Try it: Print, word for word, only the lines from the one with "stapler: (-1.413, -0.422, 2.454);" down to the last line of the listing below; no pictures.
START Source material
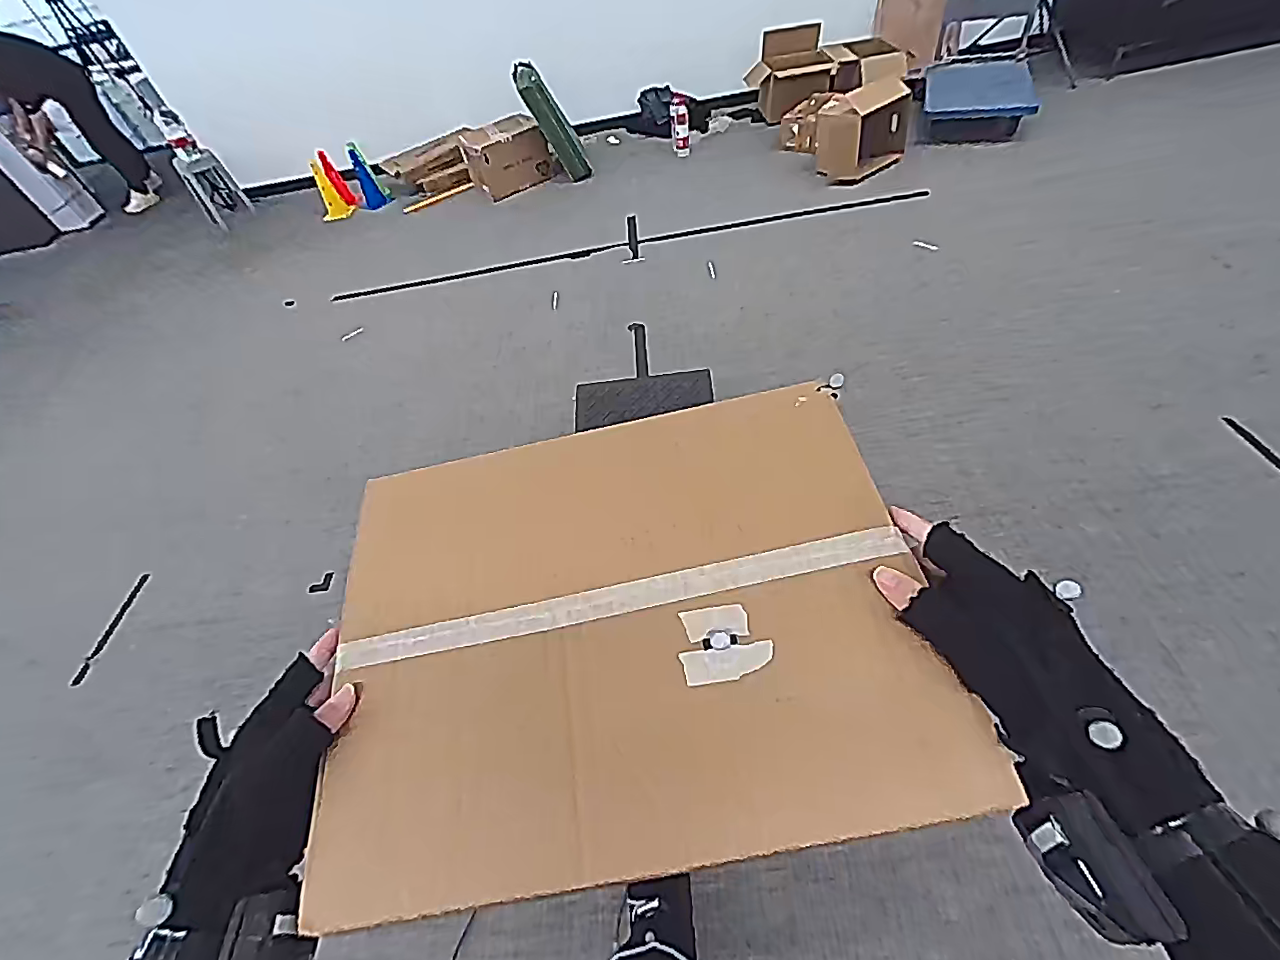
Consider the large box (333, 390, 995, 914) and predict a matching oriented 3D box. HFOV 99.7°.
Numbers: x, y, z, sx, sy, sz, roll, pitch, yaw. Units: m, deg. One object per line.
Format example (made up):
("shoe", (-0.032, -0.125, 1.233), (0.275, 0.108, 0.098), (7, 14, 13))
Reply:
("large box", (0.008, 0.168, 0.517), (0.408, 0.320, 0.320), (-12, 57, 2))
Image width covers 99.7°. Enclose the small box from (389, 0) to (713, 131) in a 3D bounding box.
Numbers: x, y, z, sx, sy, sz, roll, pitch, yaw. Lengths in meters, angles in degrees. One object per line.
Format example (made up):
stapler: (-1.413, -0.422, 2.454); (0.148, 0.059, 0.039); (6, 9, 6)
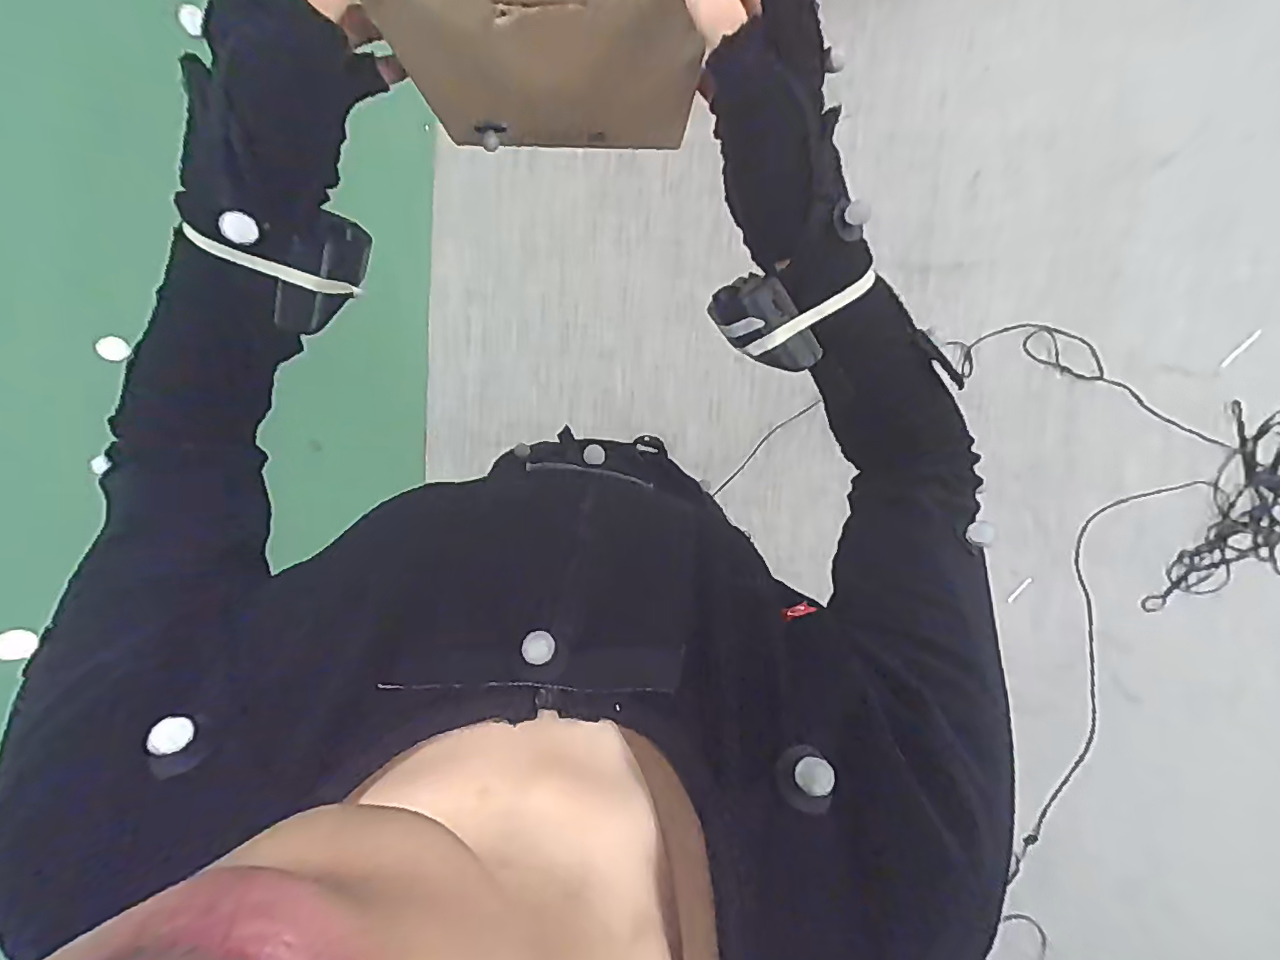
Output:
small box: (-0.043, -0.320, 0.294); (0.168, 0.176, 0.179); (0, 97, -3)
END Source material
Written answer:
stapler: (-1.413, -0.422, 2.454); (0.148, 0.059, 0.039); (6, 9, 6)
Output:
small box: (-0.043, -0.320, 0.294); (0.168, 0.176, 0.179); (0, 97, -3)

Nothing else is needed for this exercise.